To further enhance the model’s representation capability, the Transformer architecture incorporates a multi-head attention mechanism. Multi-head attention divides the query, key, and value matrices into h separate groups, computes attention independently within each group, and then concatenates the results. Assuming that the dimensionality of the queries, keys, and values in each head is

d_{k}

, the multi-head attention can be formulated as:

MultiHead (Q, K, V) = Concat ({head}_{1}, {head}_{2}, \dots, {head}_{h}) W^{O}

(2)

where each attention head is calculated as:

{head}_{i} = Attention (Q W_{i}^{Q}, K W_{i}^{K}, V W_{i}^{V})

(3)

This multi-head structure enables the model to jointly attend to information at different positions, which is critical for our global reasoning over DCNN-extracted features.

After DCNN multi-scale feature fusion, the resulting tensor is reshaped into a sequence of frequency-bin embeddings and fed into a Transformer encoder for global spectral modeling.

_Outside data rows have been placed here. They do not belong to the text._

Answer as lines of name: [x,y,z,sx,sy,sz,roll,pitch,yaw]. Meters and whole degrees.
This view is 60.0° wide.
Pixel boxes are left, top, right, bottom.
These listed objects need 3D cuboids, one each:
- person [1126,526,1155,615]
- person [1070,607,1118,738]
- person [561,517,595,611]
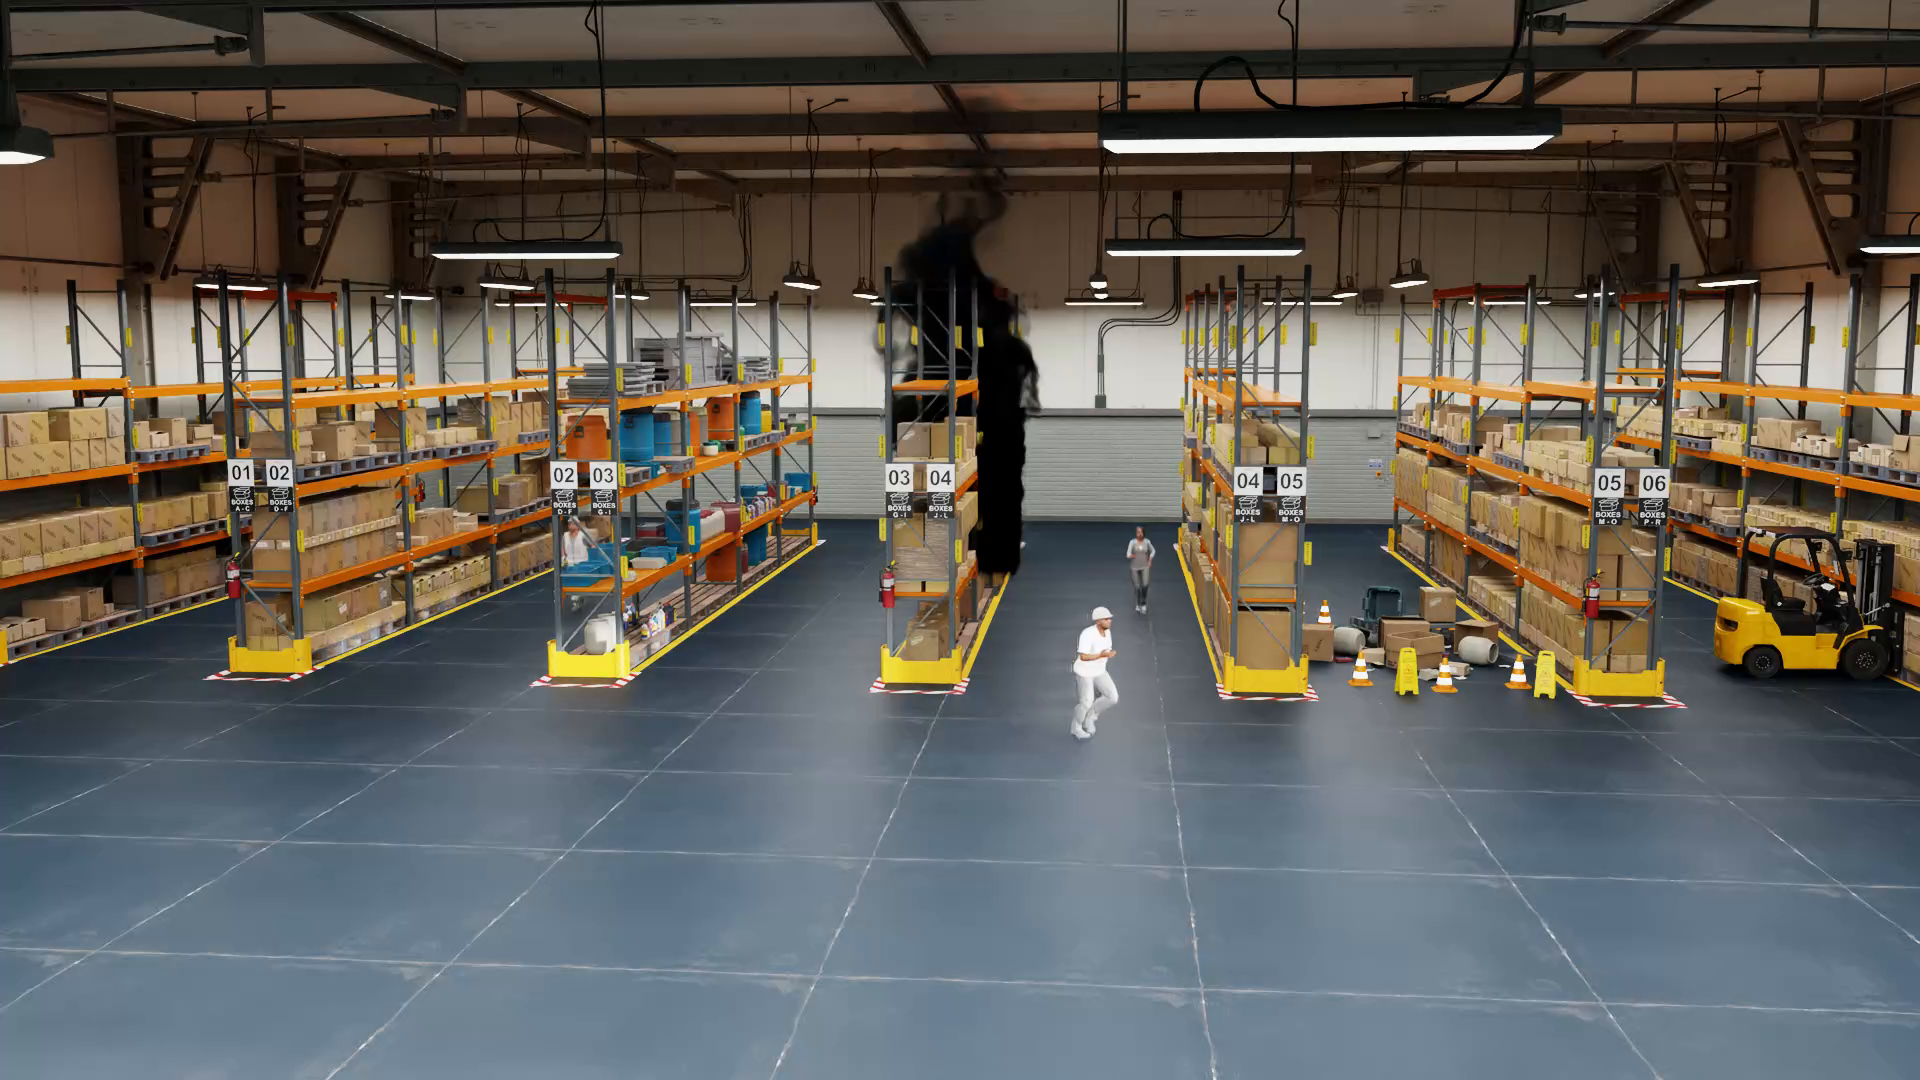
person: [3.272,0.561,30.138,0.517,1.599,0.639,1,7,6]
person: [1.672,1.649,20.597,0.673,1.691,0.796,-7,10,-43]
person: [-7.022,0.451,30.348,0.643,1.744,0.552,0,7,2]

In our implementation, the fused feature map—arranged as a sequence of frequency-bin embeddings—is first augmented with positional encodings to preserve the ordering of spectral lines. Thereafter, it traverses self-attention and position-wise feed-forward networks, each wrapped by residual connections and layer normalization.

By attending over all frequency positions, the Transformer is able to capture long-range correlations and contextual cues that extend well beyond the local receptive fields of the convolutional kernels. This global attention mechanism enables the network to highlight informative spectral peaks, suppress noise artifacts, and resolve closely spaced returns that would otherwise be indistinguishable. The enriched, context-aware representation produced by the Transformer is then collapsed via flattening and fed into the final fully connected layers for distance regression. In this way, the integration of the Transformer module empowers the DT model with both local feature sensitivity and global spectral reasoning, resulting in significant gains in robustness and accuracy for FMCW LiDAR ranging under real-world noise and interference conditions.

After passing through the Transformer encoder layers, the output feature sequence is first flattened into a one-dimensional vector to facilitate subsequent regression computation. This flattened representation is then processed by two fully connected layers. The first layer performs dimensionality reduction, and the second produces the final distance estimation.

3. Method Implementation

3.1. Dataset Construction

The raw data used in this study are collected from the FMCW laser ranging system as shown in Figure 2. In this system, a frequency-modulated continuous wave signal is transmitted, and the echo signal reflected from the target is received and mixed with the local oscillator signal to generate a beat-frequency signal, from which distance information can be extracted.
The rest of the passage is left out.